A two-stage multimodal pipeline that watches my Instagram reels, finds the through-line in my content, and tells me who I'm really making things for — strategy grounded in actual video, not generic advice.
If you make content on Instagram, the advice you get is either generic — "post consistently, use hooks, add a CTA" — or it's expensive, the kind agencies sell. Neither tells you what's actually happening across your own videos. What you keep returning to. Who, specifically, is on the other side of the camera when you press record.
I wanted to know if a multimodal model could do that work for me. So I gave Gemma 4 twelve of my reels and asked it to read them — not the captions, the videos themselves — and tell me what I was making.
I ended up building a prototype that analyzed my Instagram reels, identified the through-line in my content, and reframed who I was making it for.
The pipeline runs in two distinct passes. Stage one is per-reel extraction: each video goes through six to eight focused passes that pull out hooks, pacing, visual quality, audio cues, on-screen text, and the moment-to-moment structure of the clip. Each reel produces a structured JSON sidecar.
Stage two is cross-reel meta-analysis. With every video reduced to structured signals, the model can now reason across the whole corpus — finding content clusters, picking up voice, correlating what works with what gets ignored. The split matters: extraction is cheap and parallelizable, reasoning is where the strategy actually lives.
Gemma 4 ships in multiple variants. The 31B model handles video — heavier, slower, but it's the one that can actually watch a clip and tell you what's in it. The smaller E4B model handles audio, transcription, and the lighter signal extraction. Both run locally on a single A100 80GB.
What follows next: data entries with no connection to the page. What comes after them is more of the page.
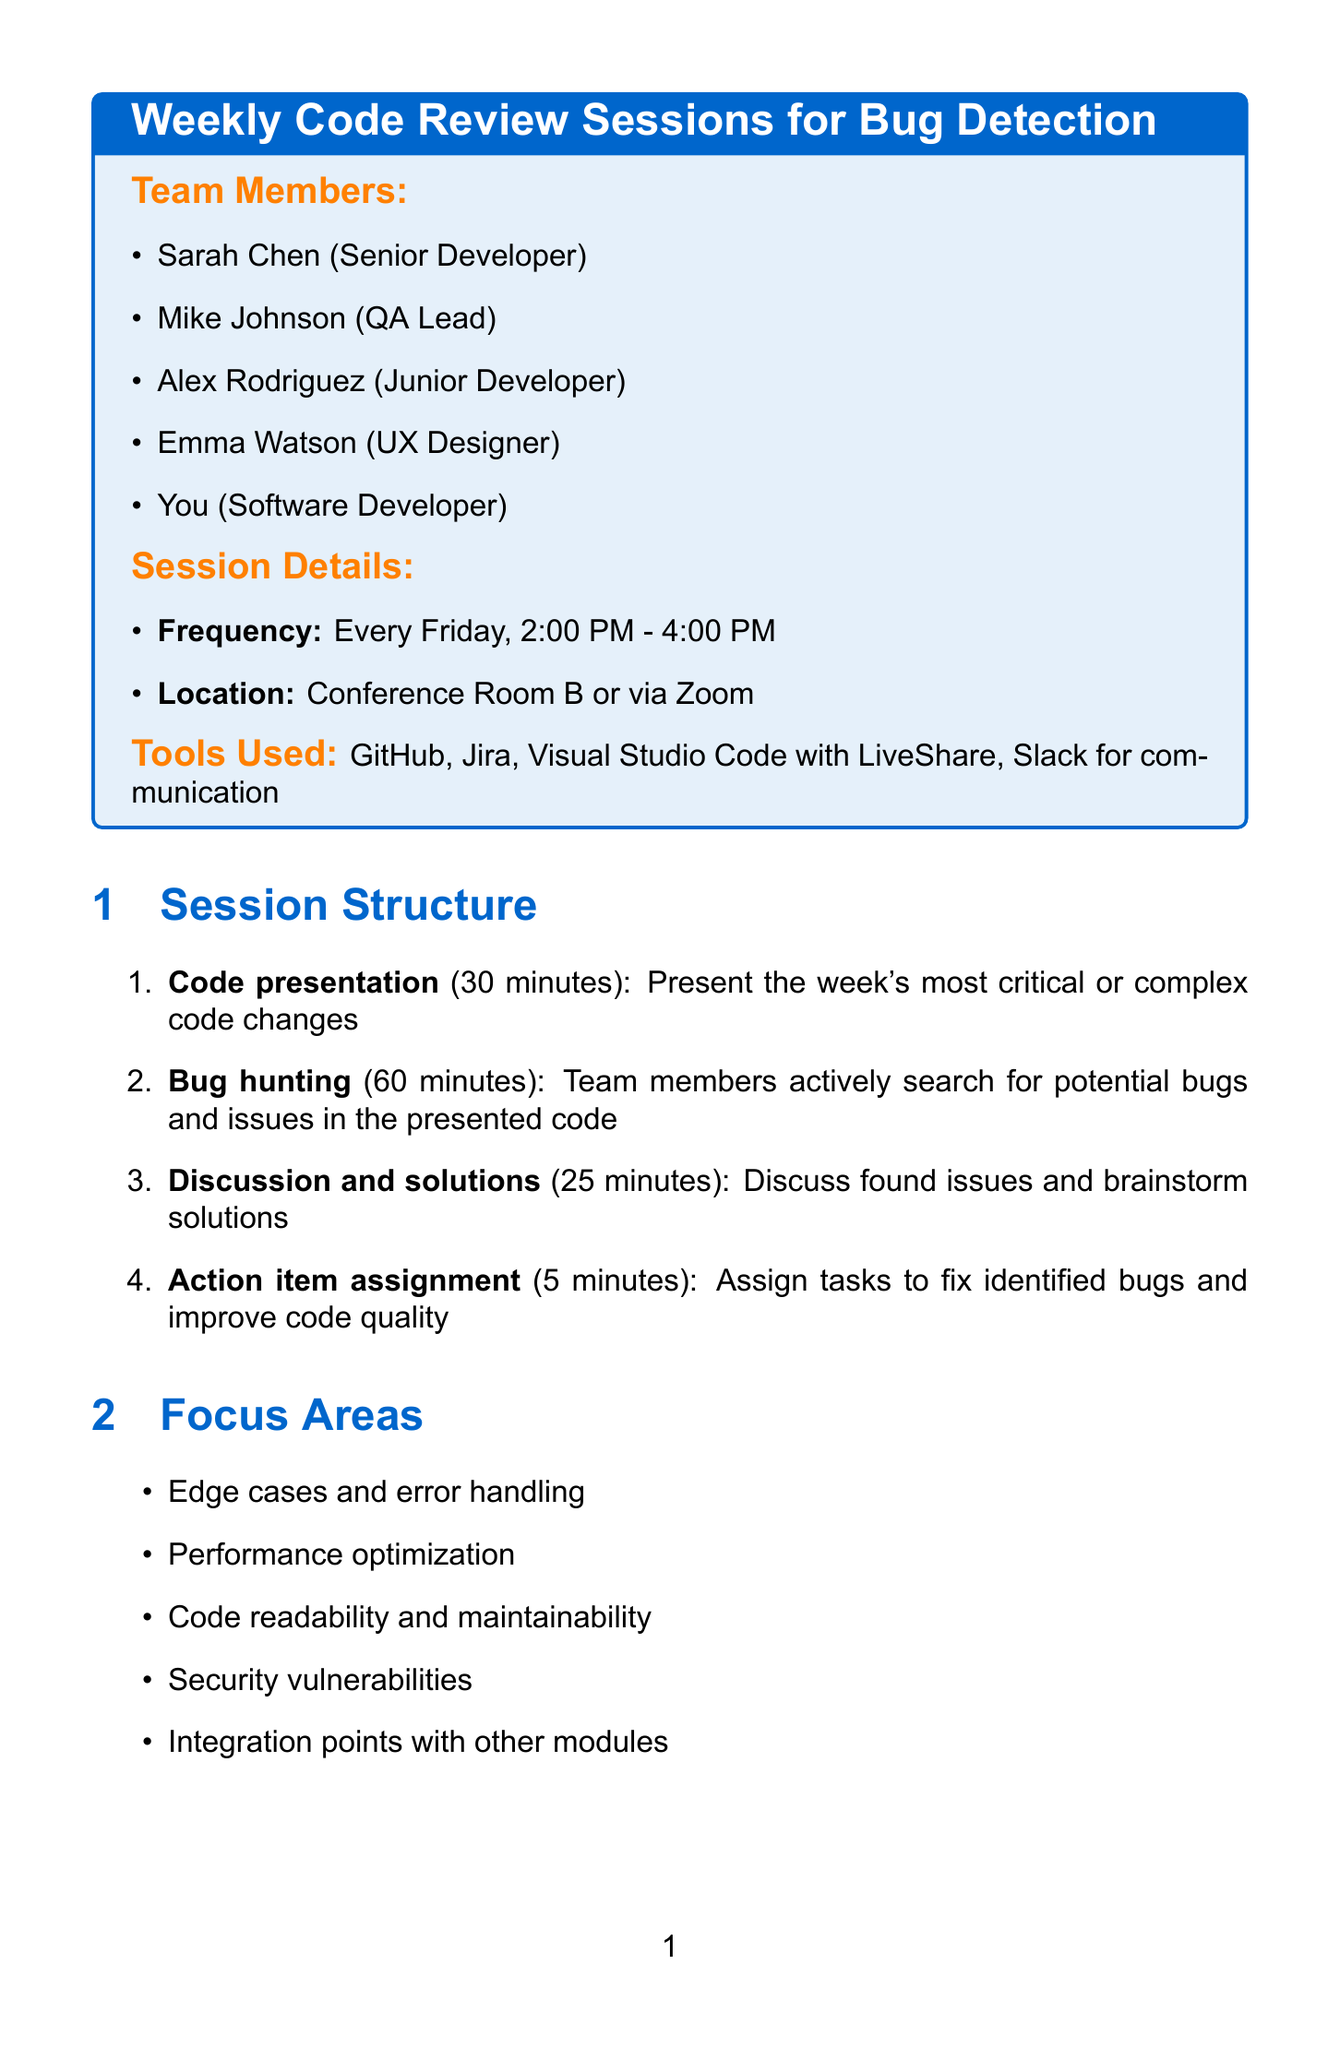What is the frequency of the code review sessions? The frequency of the code review sessions is stated in the document as "Every Friday, 2:00 PM - 4:00 PM."
Answer: Every Friday, 2:00 PM - 4:00 PM Who is the QA lead on the team? The document lists team members, identifying "Mike Johnson" as the QA Lead.
Answer: Mike Johnson What tool is used for communication during the sessions? The document mentions "Slack for communication" as one of the tools used during the sessions.
Answer: Slack How long is the bug hunting activity? The duration of the bug hunting activity is specified as 60 minutes in the session structure.
Answer: 60 minutes What is one of the focus areas for the sessions? The document lists focus areas, and one example is "Security vulnerabilities."
Answer: Security vulnerabilities How many preparation tasks are listed in the document? The document outlines preparation tasks, specifically listing four tasks required before the session.
Answer: Four What happens after the session regarding bugs? According to the document, newly discovered bugs are updated in "Jira."
Answer: Update Jira What is one success metric for the code reviews? The document mentions several success metrics, one of which is "Number of bugs caught during review vs. production."
Answer: Number of bugs caught during review vs. production How long is the action item assignment activity in the structure? The duration for the action item assignment activity is stated in the session structure as 5 minutes.
Answer: 5 minutes 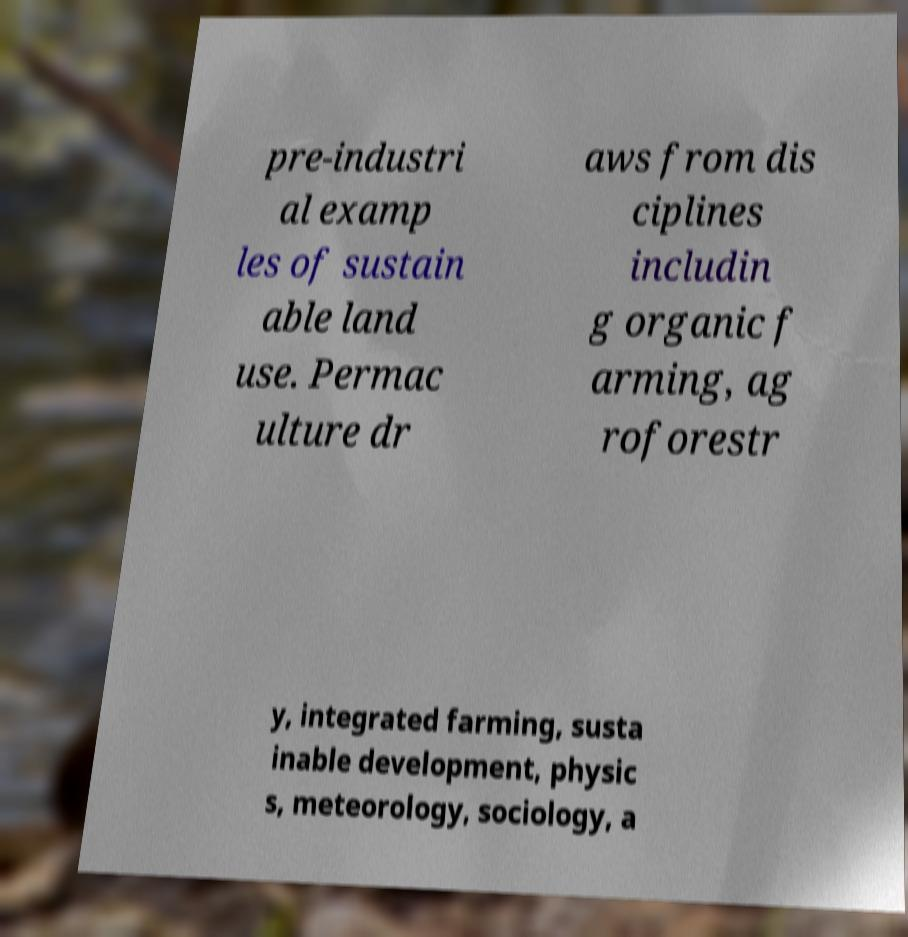For documentation purposes, I need the text within this image transcribed. Could you provide that? pre-industri al examp les of sustain able land use. Permac ulture dr aws from dis ciplines includin g organic f arming, ag roforestr y, integrated farming, susta inable development, physic s, meteorology, sociology, a 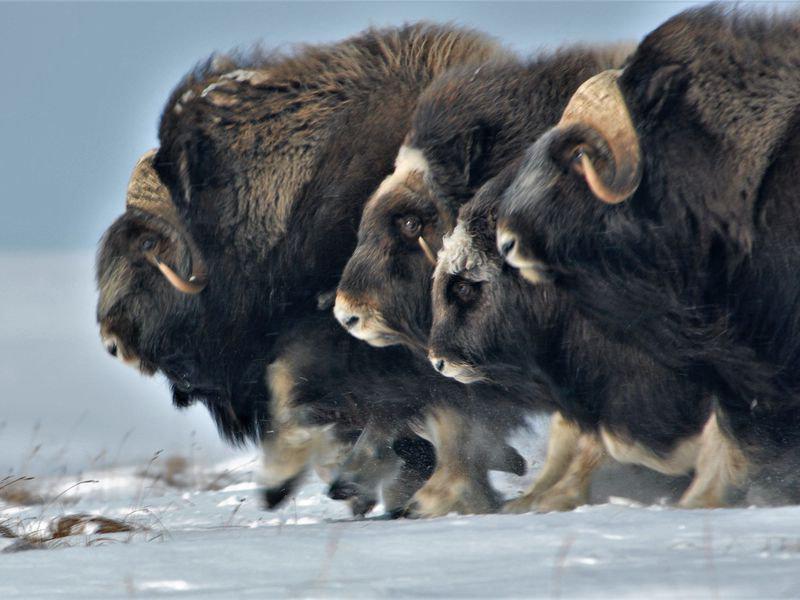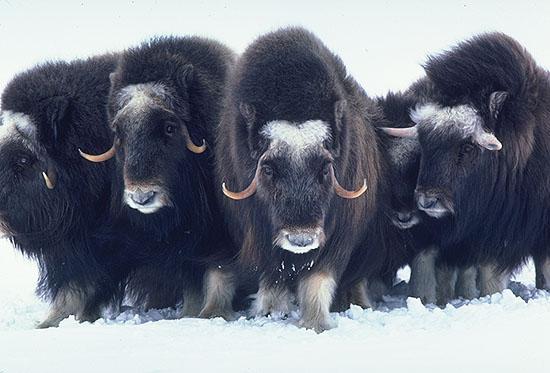The first image is the image on the left, the second image is the image on the right. Examine the images to the left and right. Is the description "There are 8 or more buffalo present in the snow." accurate? Answer yes or no. Yes. The first image is the image on the left, the second image is the image on the right. For the images shown, is this caption "In the left photo, there is only one buffalo." true? Answer yes or no. No. 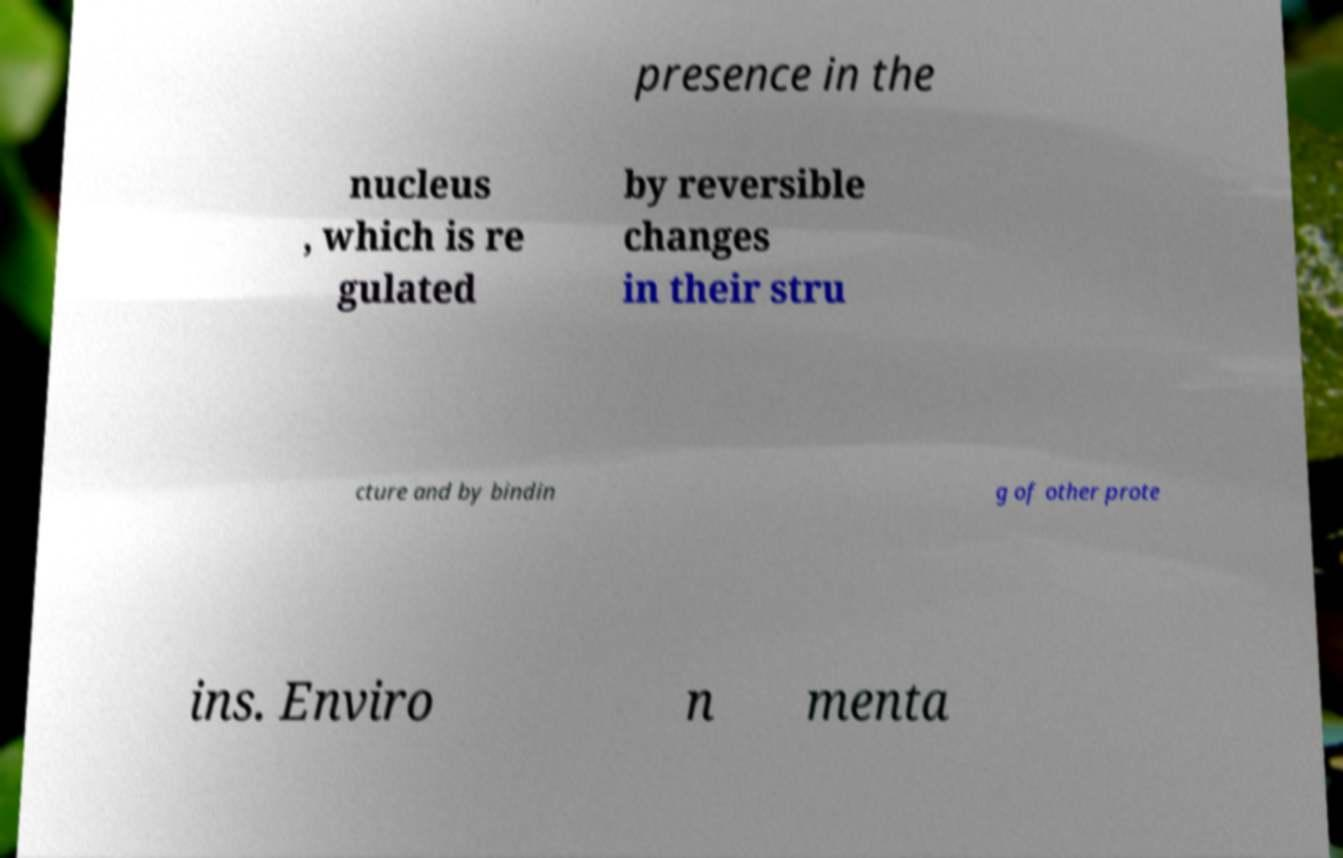Can you read and provide the text displayed in the image?This photo seems to have some interesting text. Can you extract and type it out for me? presence in the nucleus , which is re gulated by reversible changes in their stru cture and by bindin g of other prote ins. Enviro n menta 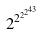Convert formula to latex. <formula><loc_0><loc_0><loc_500><loc_500>2 ^ { 2 ^ { 2 ^ { 2 ^ { 4 3 } } } }</formula> 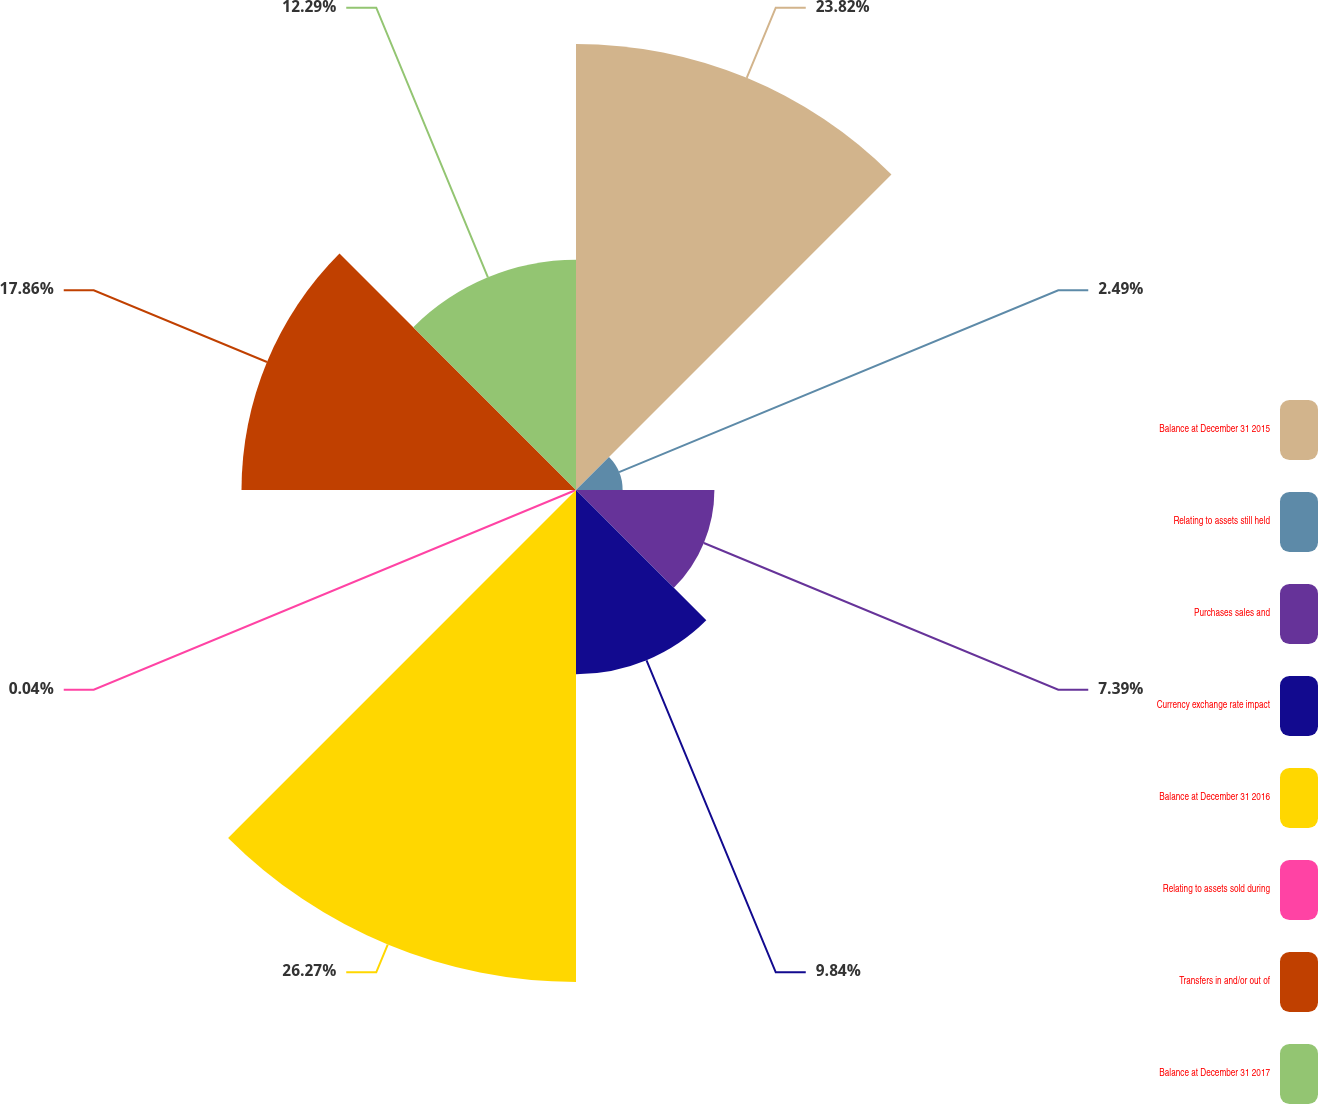<chart> <loc_0><loc_0><loc_500><loc_500><pie_chart><fcel>Balance at December 31 2015<fcel>Relating to assets still held<fcel>Purchases sales and<fcel>Currency exchange rate impact<fcel>Balance at December 31 2016<fcel>Relating to assets sold during<fcel>Transfers in and/or out of<fcel>Balance at December 31 2017<nl><fcel>23.82%<fcel>2.49%<fcel>7.39%<fcel>9.84%<fcel>26.27%<fcel>0.04%<fcel>17.86%<fcel>12.29%<nl></chart>

All outputs are structured JSON. That's the design choice that makes the second stage possible — once everything is structured, the cross-reel pass can correlate features, cluster reels, and produce strategy with citations back to specific videos.
I expected a list of stats. What I got was a reframing. Across twelve reels, the model identified three content clusters, found a consistent voice underneath them, and named the audience: The Intellectual Ritualist — someone who performs curated rituals of the mind. Coffee, books, slow mornings, deliberate gestures.
It also flagged what wasn't there: zero call-to-actions across all twelve reels. And instead of suggesting the generic "ask viewers to comment", it proposed persona-aligned alternatives — asking about brewing preferences, asking what they're reading, the kind of prompt that belongs to the ritual rather than interrupting it.
Six to eight focused passes per video — hooks, pacing, visual quality, audio cues, on-screen text. Structured JSON output per reel.
Reasoning across the full corpus to find content clusters, voice, and correlations between features and engagement.
A layer on top of the analysis that lets you ask follow-up strategy questions — grounded in the specific reels, not generic templates.
Strategy that belongs to your voice — call-to-actions, hooks, and prompts shaped by the audience the model has identified.